In Walker LEO constellations, densification under full frequency reuse makes downlink SINR coverage and ergodic spectral efficiency vanish as O(1/N) because interference grows linearly in N while the signal from the nearest visible satellite remains uniformly bounded.

A machine-rendered reading of the paper's core claim, the machinery that carries it, and where it could break.

Walker constellations are grids of low-Earth-orbit satellites whose relative positions stay fixed as they orbit. The paper models a typical ground user whose connection is always to the nearest satellite visible above the horizon. Earth curvature fixes the size of this visible cap, so only a bounded number of satellites can ever be seen no matter how many are added overall. Under power-law path loss, a simple two-level antenna model, random fading, and noise, the authors show that the total interference collected from all other visible satellites must increase at least linearly with the total satellite count N. The desired signal strength, however, cannot grow because the visible region is geometrically fixed.
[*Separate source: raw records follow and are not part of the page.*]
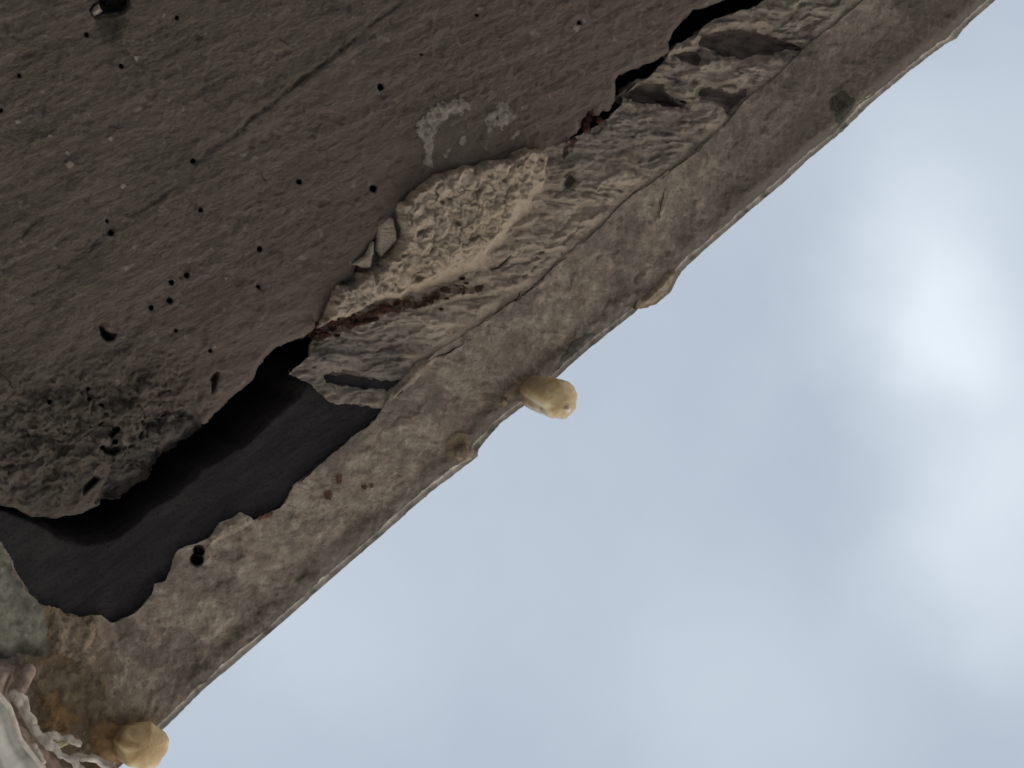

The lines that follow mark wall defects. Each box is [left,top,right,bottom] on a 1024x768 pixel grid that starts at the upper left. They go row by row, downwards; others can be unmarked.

spalling [88,0,131,18]
spalling [571,0,763,137]
water stain [416,98,471,168]
water stain [484,102,520,149]
peeling [352,217,397,268]
corrosion [307,276,484,345]
spalling [0,335,399,668]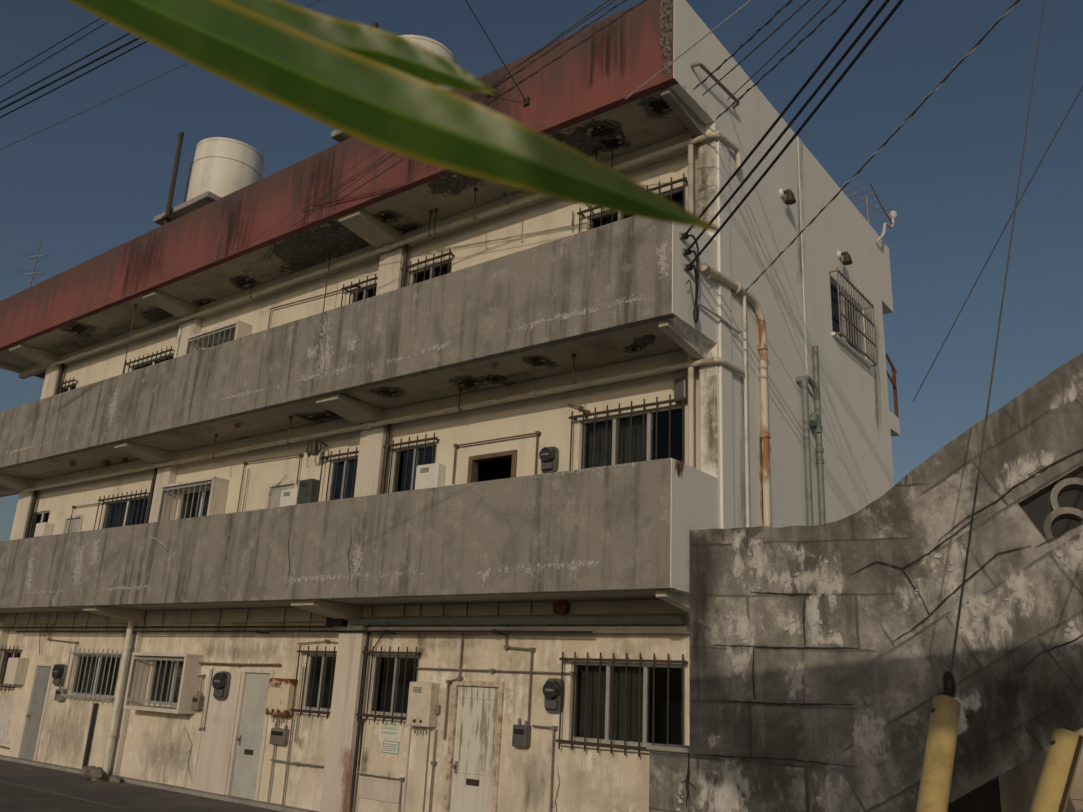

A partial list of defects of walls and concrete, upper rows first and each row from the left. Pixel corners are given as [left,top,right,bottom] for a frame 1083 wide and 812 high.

peeling [658,0,674,76]
spalling [638,94,673,119]
spalling [548,119,631,157]
peeling [425,171,485,198]
peeling [266,221,369,273]
leakage [508,294,643,332]
spalling [522,356,555,367]
spalling [447,374,507,391]
crack [850,448,1083,641]
crack [713,592,855,705]
crack [1023,634,1083,669]
leakage [955,666,1024,765]

Consequently the signal-to-interference ratio falls, and both the probability that this ratio exceeds any fixed threshold and the average data rate per Hertz go to zero. Explicit finite-N upper bounds of order 1/N are derived. When satellites transmit only with probability q (frequency reuse by thinning), collapse is avoided only if qN remains bounded, i.e., the reuse factor must grow linearly with N.

Core claim

we prove that increasing the total satellite count N=N_oN_s forces the aggregate interference to grow at least linearly in N, while the useful signal remains uniformly bounded above. Consequently, the downlink SINR coverage probability at any fixed threshold and the ergodic spectral efficiency both vanish as N→∞.

Load-bearing premise

The performance is evaluated under the invariant (stationary) measure induced by the constellation/Earth dynamics, combined with the restriction of association to the bounded visible cap determined by Earth geometry and the specific two-level antenna-gain and power-law path-loss model.

Figures

Figures reproduced from arXiv: 2604.24656 by Ali Khalesi, Fran\c{c}ois Baccelli.

Figure 1
Figure 1. Figure 1: Mean serving distance E[D0] vs. densification. Distance shrinkage explains the initial gains at moderate N before interference dominates. 10 3 10 4 Total satellites N = NoNs 10 15 10 14 10 13 10 12 M e a n interfere nce [I] (n orm alize d) Interference growth vs densification (collapse mechanism) MC: q=1 (full reuse) MC: q=0.1 (reuse 10) MC: q=0.03 (reuse 33) MC: q=min(1,600/N) Linear guide (tail-fit): E[I… view at source ↗
Figure 2
Figure 2. Figure 2: Mean interference growth vs. N (collapse mechanism). Full reuse exhibits near-linear growth; fixed thinning reduces the slope; the scaling q(N) = min(1, c/N) flattens E[I] for large N. Reproducibility. All figures are generated by the accompany￾ing Python script (Monte Carlo over phase shifts, fading, and PRB activity) with the parameters in Table I. VIII. CONCLUSION This paper provided a set of densificat… view at source ↗
Figure 5
Figure 5. Figure 5: Scaling validation against conservative theorem constants (order-correct, loose): normalized ratios view at source ↗
read the original abstract

We establish densification converses for Walker LEO constellations under nearest-visible association in the full-frequency-reuse setting. Performance is evaluated under the invariant (stationary) measure induced by the constellation/Earth dynamics on the user--constellation ``phase state.'' A key Walker-specific feature, absent from unbounded planar models, is that association is restricted to a bounded visible cap determined by Earth geometry. Under power-law path-loss, a two-level antenna-gain model, i.i.d.\ nonnegative fading with unit mean and finite second moment, and nonzero noise, we prove that increasing the total satellite count $N=N_oN_s$ forces the aggregate interference to grow at least linearly in $N$, while the useful signal remains uniformly bounded above. Consequently, the downlink SINR coverage probability at any fixed threshold and the ergodic spectral efficiency both vanish as $N\to\infty$. The key technical ingredient is a deterministic visibility-annulus block lemma, uniform over all sufficiently large constellations and all "phase states", showing that a fixed fraction of visible satellites lies in a distance annulus strictly inside the horizon; this yields explicit finite-$N$ collapse bounds. In particular, we derive nonasymptotic $O(1/N)$ upper bounds on both coverage and ergodic spectral efficiency. Finally, in the case of frequency reuse through independent thinning, with activity probability $q$, we show that avoiding densification collapse necessarily requires $qN=O(1)$, equivalently a reuse factor $\Omega(N)$, and we obtain a corresponding explicit $O(1/(qN))$ upper bound.

Editorial analysis

A structured set of objections, weighed in public.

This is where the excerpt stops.